# Info req'd for a transfer!



## trevtaff (31 Jan 2008)

Been doing some research into getting out of the British Army (Royal Signals) and joining the Canadian Signals!

I'm in the process of sorting out the "Big 3"!!!

Just after getting some info on whether or not the qualifications that I currently have are similar to the ones you have over there?

Any assistance is appreciated!


----------



## willy (31 Jan 2008)

Well, without knowing what qualifications you have, that's a pretty tough question to answer.


----------



## geo (31 Jan 2008)

If you look up the member "Towards the gap" he might have some current info on the kind of move you are contemplating.  He was in the RE and has only just gotten himself settled within our own 2 CER.

Try to PM him

Good luck


----------



## trevtaff (1 Feb 2008)

Cheers fellas,

Willy, I've sent you a quick msg, thanks!
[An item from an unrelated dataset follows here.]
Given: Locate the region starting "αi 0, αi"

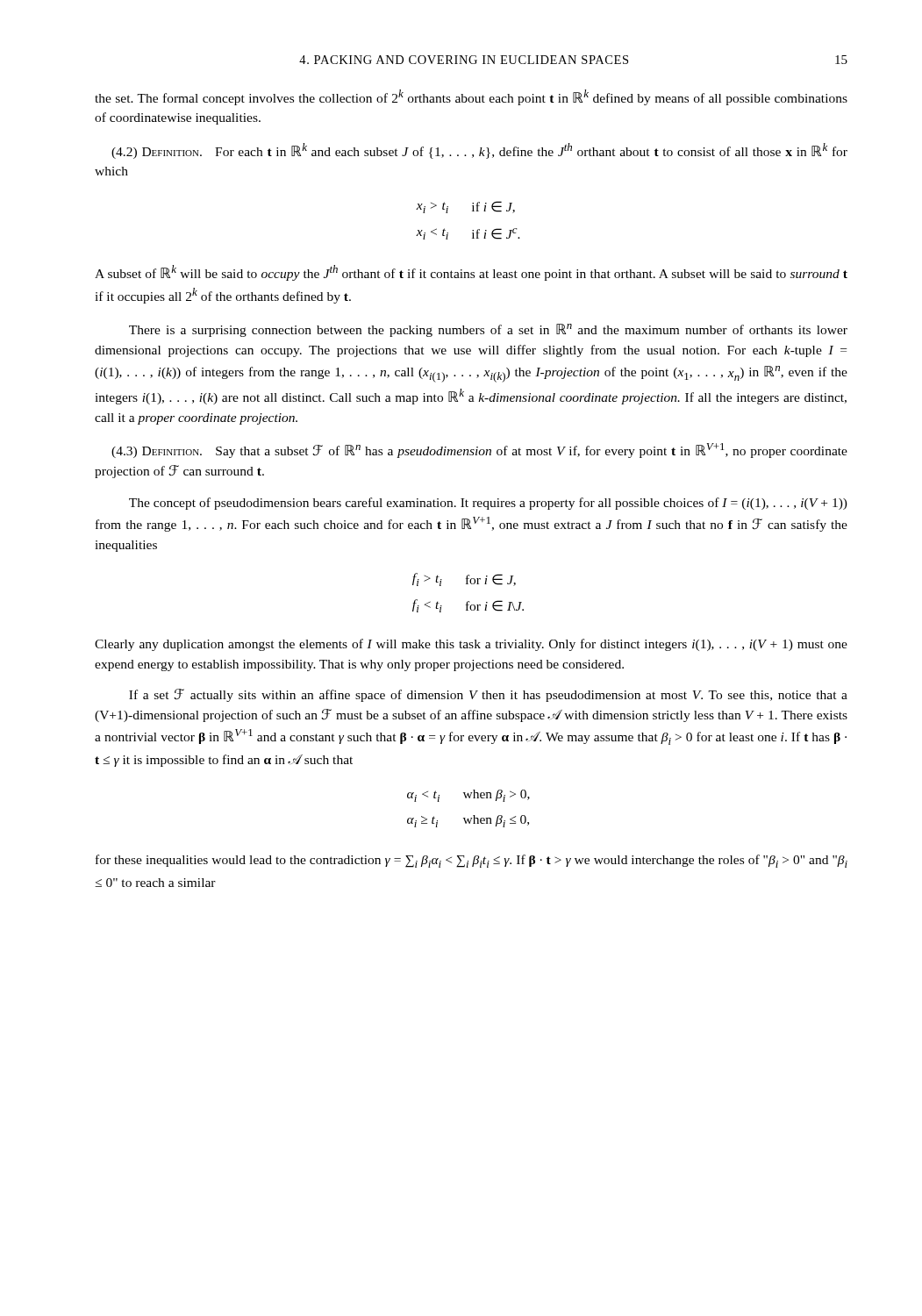Looking at the screenshot, I should click(471, 808).
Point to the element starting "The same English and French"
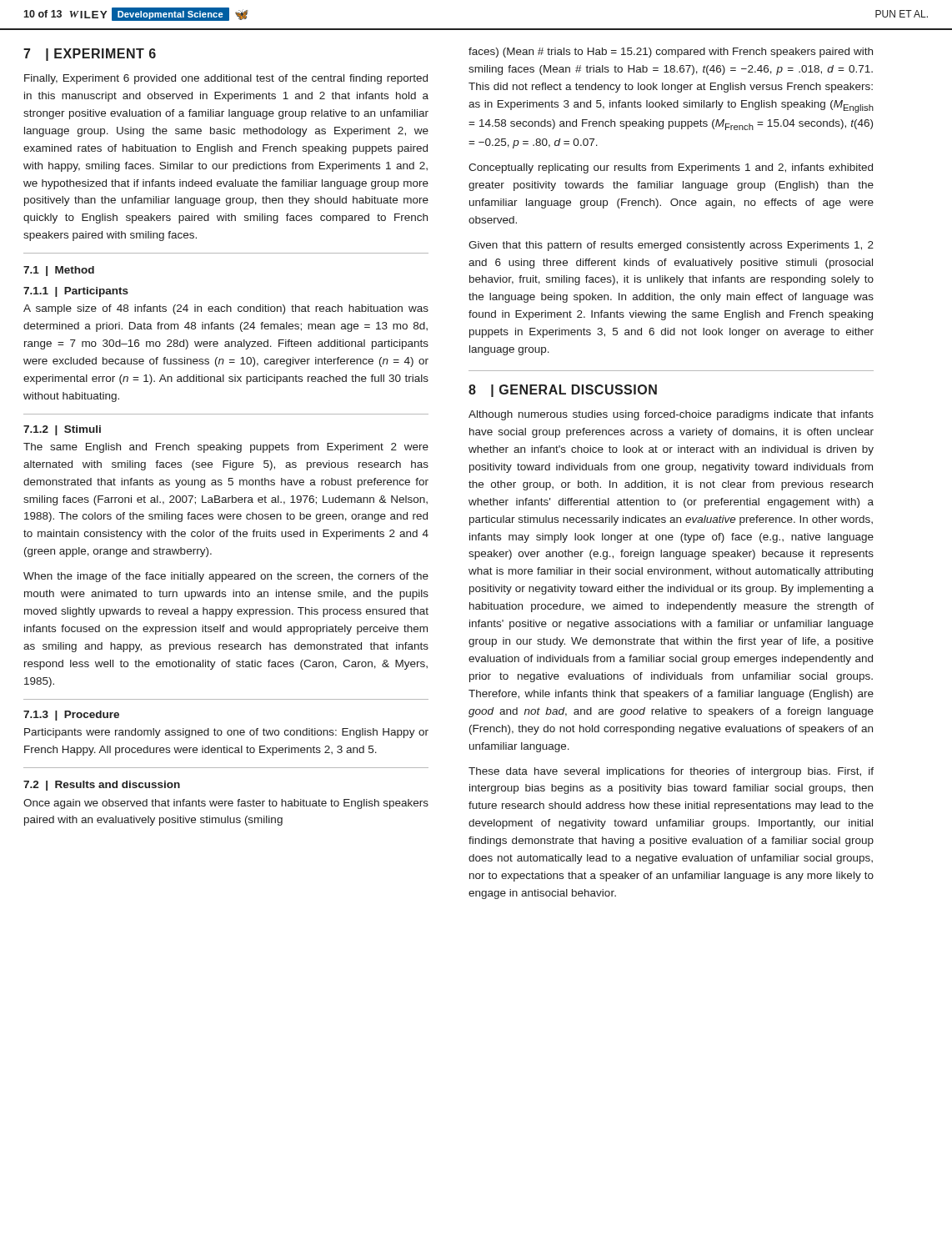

Geo, I'll certainly try and give him a shout, thanks!


----------



## Canadian Sig (2 Feb 2008)

For the love of God! Why would you want to be a Sig in the CF??????? Are you a sado masochist?   ;D


----------



## geo (3 Feb 2008)

Canadian Sig said:
			
		

> For the love of God! Why would you want to be a Sig in the CF??????? Are you a sado masochist?   ;D



As people have said time and time again, the grass always appears to be greener on the other side of the fence.
Problem is, once you get to the other side of the fence and look over.......


----------



## trevtaff (4 Feb 2008)

You're right there but it's green either way you look at it!!!

But in all honesty, I'd rather be a Cpl again and do the job I joined up to do rather
than sit behind a desk as a SSgt and reply to returns that people already know the 
answer to but can't be bothered to do the work themselves.

I guess it's all about job satisfaction at the end of the day!


----------



## Bintheredunthat (4 Feb 2008)

I dunno - grass seems pretty green to me on this side.  Well, actually it's buried under a couple of feet of snow at the moment.  Any other Canucks out there wishing they were part of some other Army?  Not I.

It would be nice if you got to skip out on any portion of training considering your current rank.  I've always been curious as to how to gauge experience when there's no guide or clear designation of what is what.

I also wonder about some citizenship issues WRT training as I've been told some "to be delivered" equipment will be controlled so that any non-Canadian born pers are not allowed to even see this equipment.  Rules from our friends down south I believe.  

Let us know how it goes - I feel for you if you end up standing by a bunk in Kingston though for morning inspection.  Not that it's by any means difficult - I just know the feeling.

Anyone know if signing (bonus) incentives would apply for something like this?  I know they come & go, just curious.

Bin


----------



## geo (4 Feb 2008)

trevtaff... If "Towards the gap's" experience is anything to go by, once nationality/citzenship rules are addressed, you should be welcomed within the in the Sigs branch with open arms.  He went from LCpl in the RE to Cpl in 2 CER.

Look him up because his experience is very current - I believe he reported into 2CER within the last month.... Fresh indeed!
(Go to Members & look up "towards the gap" - you should then be able to PM him)

Good luck!


----------